Problem details -> Stop after the line with "Answer: 3 What". Up to that point, output every line of the listing below exactly from the first one onward, skipping pictures.

Task inputs ->
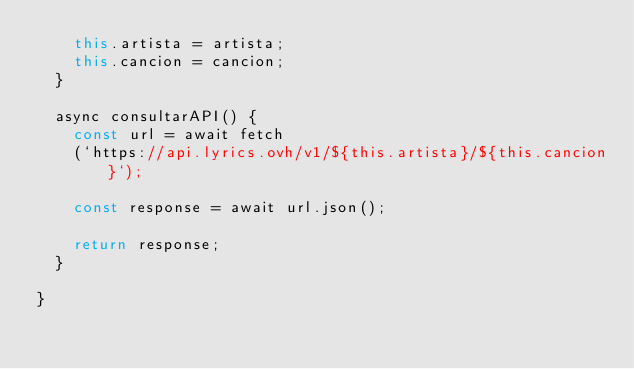<code> <loc_0><loc_0><loc_500><loc_500><_JavaScript_>    this.artista = artista;
    this.cancion = cancion;
  }

  async consultarAPI() {
    const url = await fetch
    (`https://api.lyrics.ovh/v1/${this.artista}/${this.cancion}`);

    const response = await url.json();

    return response;
  }

}</code> 
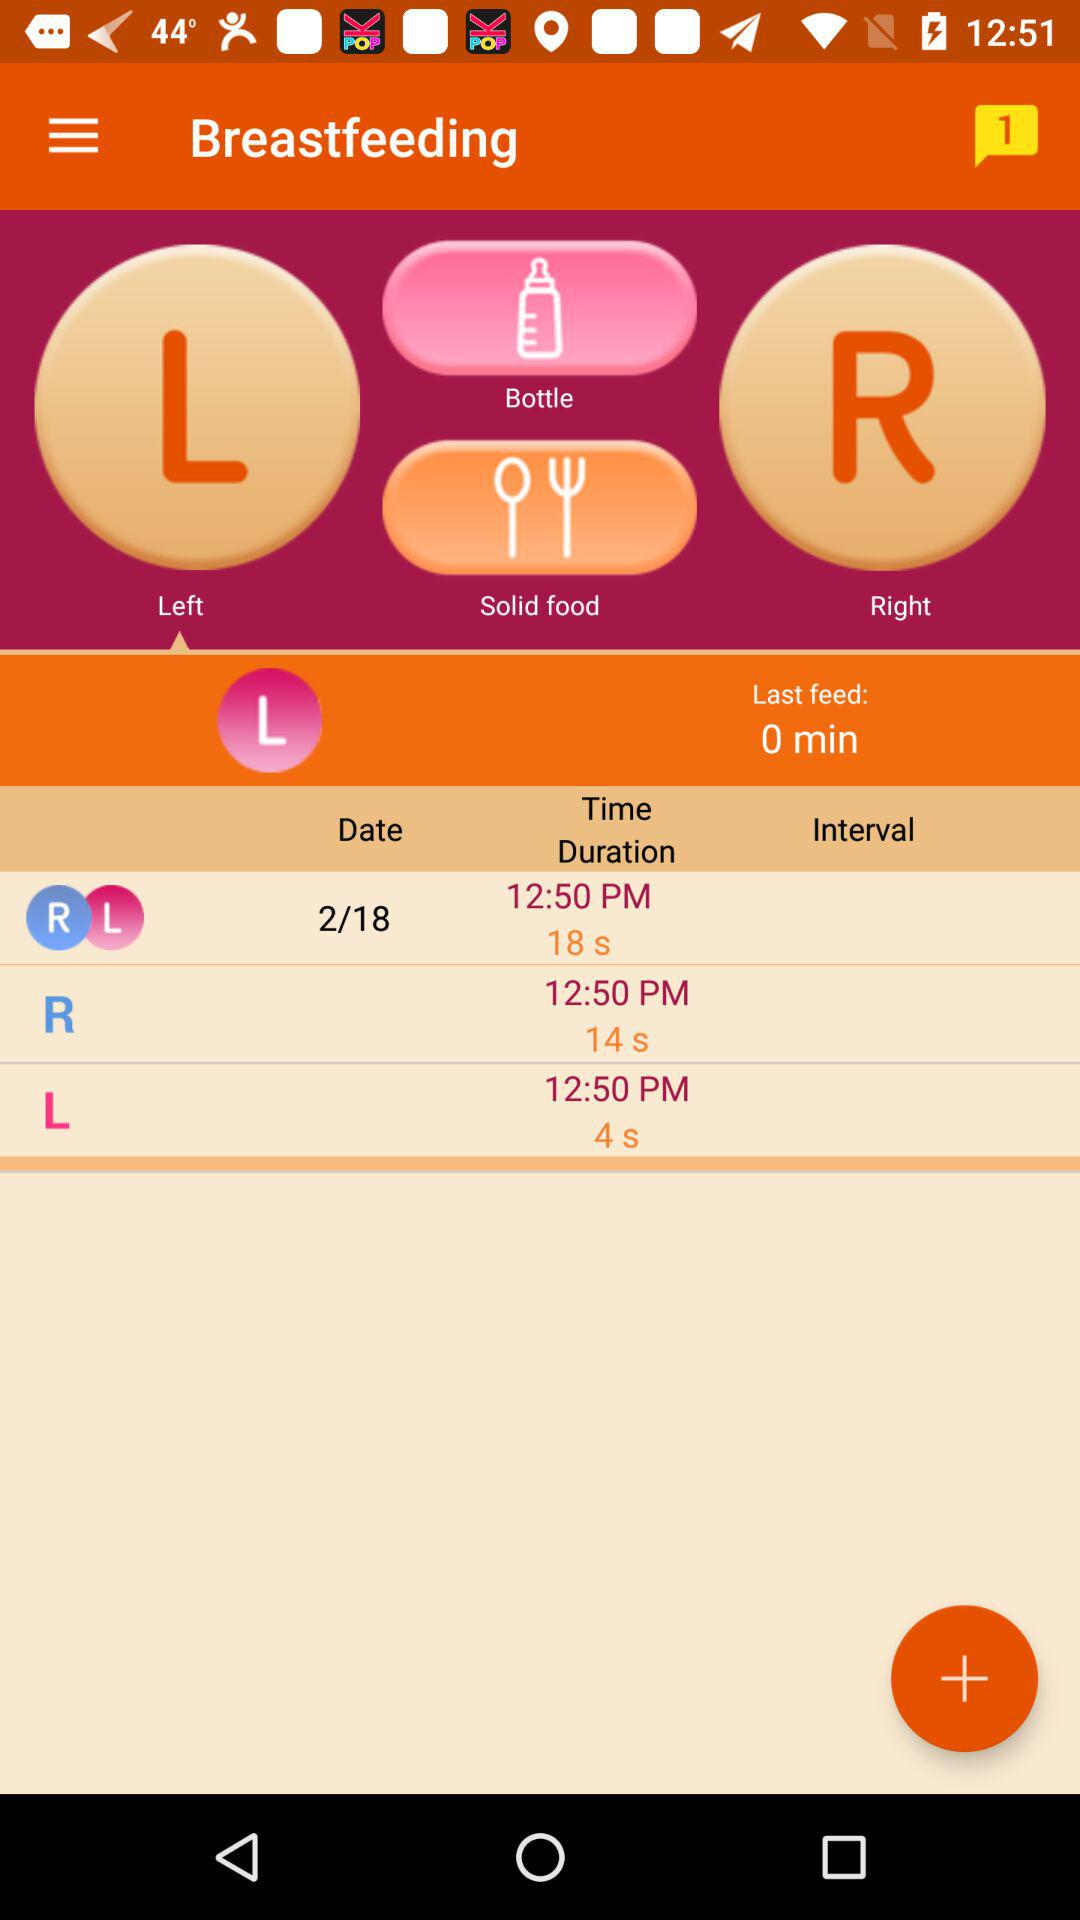What is the time given? The time is 12:50 PM. 
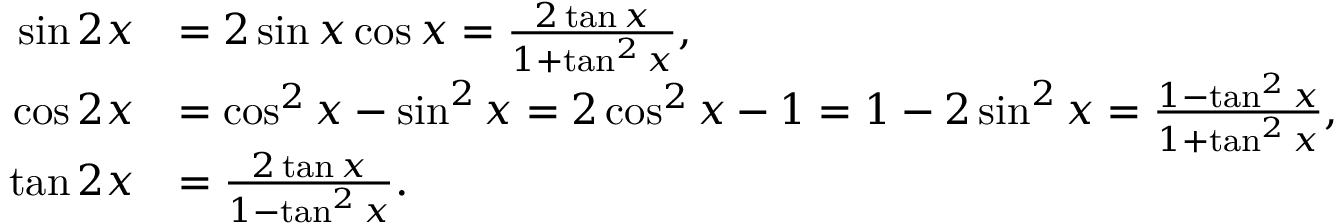<formula> <loc_0><loc_0><loc_500><loc_500>{ \begin{array} { r l } { \sin 2 x } & { = 2 \sin x \cos x = { \frac { 2 \tan x } { 1 + \tan ^ { 2 } x } } , } \\ { \cos 2 x } & { = \cos ^ { 2 } x - \sin ^ { 2 } x = 2 \cos ^ { 2 } x - 1 = 1 - 2 \sin ^ { 2 } x = { \frac { 1 - \tan ^ { 2 } x } { 1 + \tan ^ { 2 } x } } , } \\ { \tan 2 x } & { = { \frac { 2 \tan x } { 1 - \tan ^ { 2 } x } } . } \end{array} }</formula> 
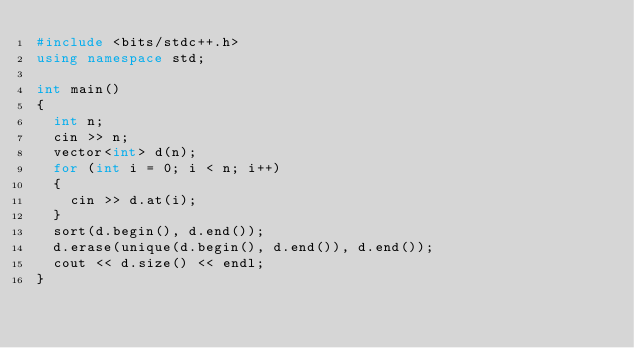<code> <loc_0><loc_0><loc_500><loc_500><_C++_>#include <bits/stdc++.h>
using namespace std;

int main()
{
  int n;
  cin >> n;
  vector<int> d(n);
  for (int i = 0; i < n; i++)
  {
    cin >> d.at(i);
  }
  sort(d.begin(), d.end());
  d.erase(unique(d.begin(), d.end()), d.end());
  cout << d.size() << endl;
}
</code> 
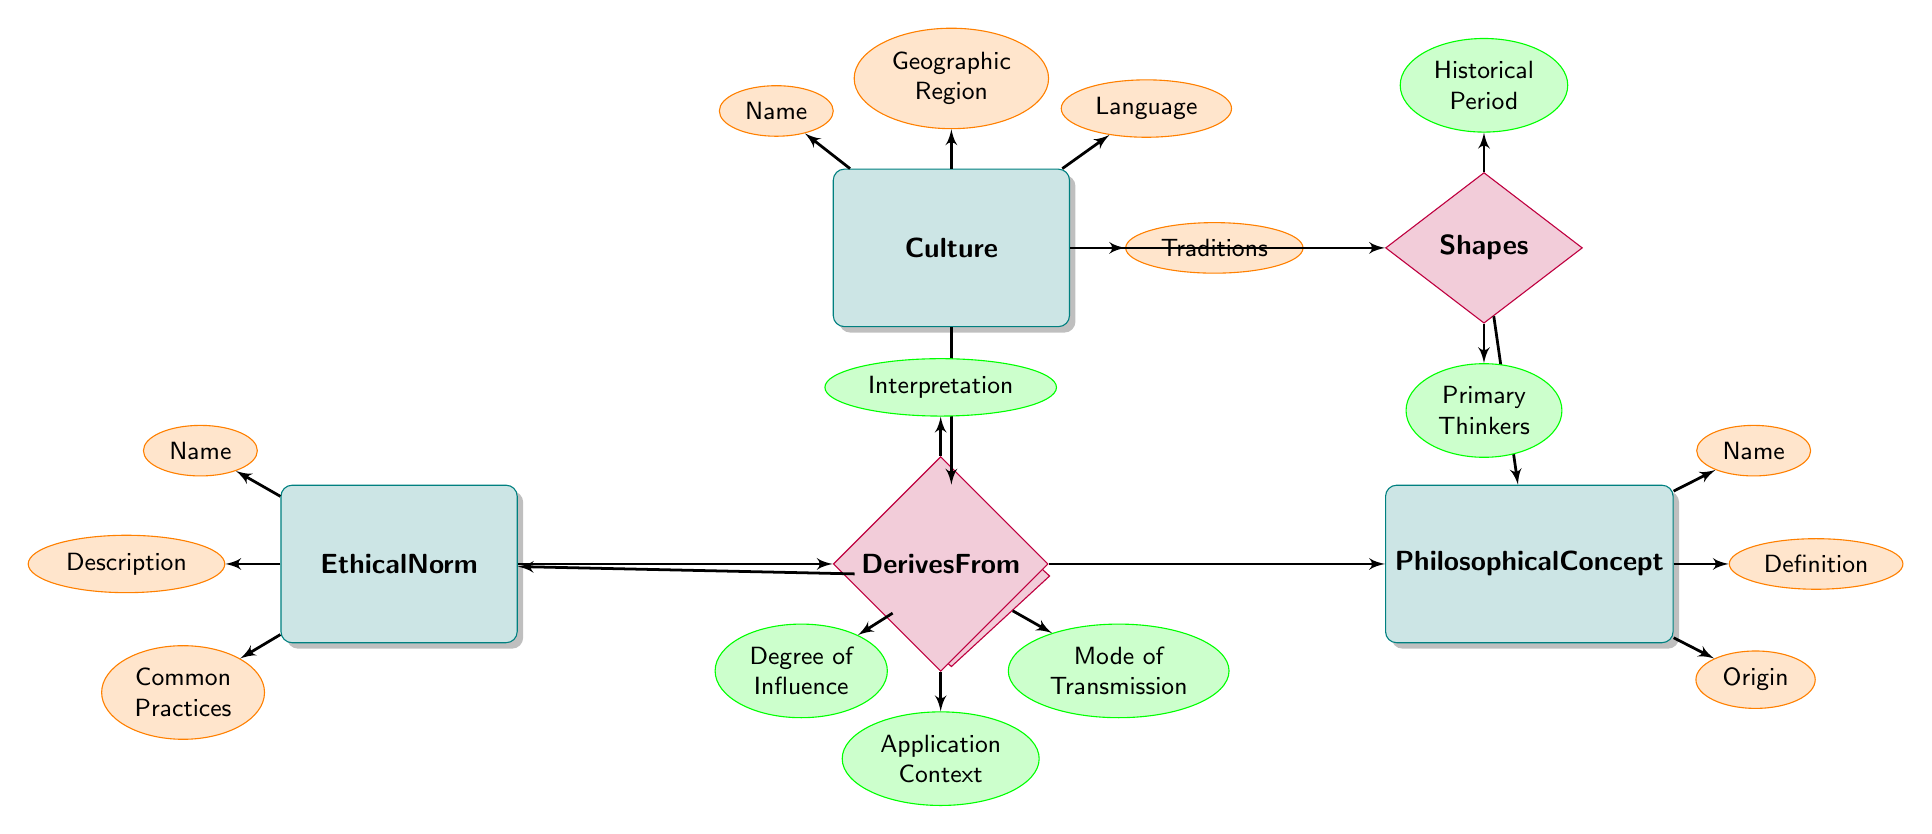What is the primary relationship between Culture and Ethical Norm? The primary relationship between Culture and Ethical Norm is labeled as "Influences". This relationship establishes that Cultural factors play a significant role in shaping Ethical Norms.
Answer: Influences How many attributes does the Ethical Norm entity have? The Ethical Norm entity has three attributes listed: Name, Description, and Common Practices. Counting these yields a total of three attributes.
Answer: 3 What is one attribute of the Philosophical Concept entity? The Philosophical Concept entity has multiple attributes, one of which is "Name". This can be found directly linked to the Philosophical Concept entity in the diagram.
Answer: Name What are the two attributes associated with the relationship "Influences"? The relationship "Influences" is associated with two attributes: Degree of Influence and Mode of Transmission. These attributes are connected directly to the relationship, indicating how the influence is characterized.
Answer: Degree of Influence, Mode of Transmission Which entity derives from the Ethical Norm entity? The relationship labeled "Derives From" indicates that the Philosophical Concept entity derives from the Ethical Norm entity. This means Ethical Norms provide foundational aspects that shape Philosophical Concepts.
Answer: Philosophical Concept What does the relationship "Shapes" connect? The relationship "Shapes" connects Culture and Philosophical Concept entities, indicating that Cultural influences play a role in shaping Philosophical Concepts throughout history.
Answer: Culture and Philosophical Concept What is the mode of transmission dimension in the diagram? The mode of transmission is an attribute related to the "Influences" relationship. It describes how cultural influences are communicated or passed on to shape Ethical Norms.
Answer: Mode of Transmission Name one entity in the diagram. The diagram includes three entities: Culture, Philosophical Concept, and Ethical Norm. Any one of these can serve as an answer to this question.
Answer: Culture

Written answer ->
<code> <loc_0><loc_0><loc_500><loc_500><_JavaScript_>    this.artista = artista;
    this.cancion = cancion;
  }

  async consultarAPI() {
    const url = await fetch
    (`https://api.lyrics.ovh/v1/${this.artista}/${this.cancion}`);

    const response = await url.json();

    return response;
  }

}</code> 
What is the time given? The time is 12:50 PM. 
<formula> <loc_0><loc_0><loc_500><loc_500>{ \begin{array} { r l } { \sin 2 x } & { = 2 \sin x \cos x = { \frac { 2 \tan x } { 1 + \tan ^ { 2 } x } } , } \\ { \cos 2 x } & { = \cos ^ { 2 } x - \sin ^ { 2 } x = 2 \cos ^ { 2 } x - 1 = 1 - 2 \sin ^ { 2 } x = { \frac { 1 - \tan ^ { 2 } x } { 1 + \tan ^ { 2 } x } } , } \\ { \tan 2 x } & { = { \frac { 2 \tan x } { 1 - \tan ^ { 2 } x } } . } \end{array} }</formula> 
<code> <loc_0><loc_0><loc_500><loc_500><_C++_>#include <bits/stdc++.h>
using namespace std;

int main()
{
  int n;
  cin >> n;
  vector<int> d(n);
  for (int i = 0; i < n; i++)
  {
    cin >> d.at(i);
  }
  sort(d.begin(), d.end());
  d.erase(unique(d.begin(), d.end()), d.end());
  cout << d.size() << endl;
}
</code> 
What is the primary relationship between Culture and Ethical Norm? The primary relationship between Culture and Ethical Norm is labeled as "Influences". This relationship establishes that Cultural factors play a significant role in shaping Ethical Norms.
Answer: Influences How many attributes does the Ethical Norm entity have? The Ethical Norm entity has three attributes listed: Name, Description, and Common Practices. Counting these yields a total of three attributes.
Answer: 3 What is one attribute of the Philosophical Concept entity? The Philosophical Concept entity has multiple attributes, one of which is "Name". This can be found directly linked to the Philosophical Concept entity in the diagram.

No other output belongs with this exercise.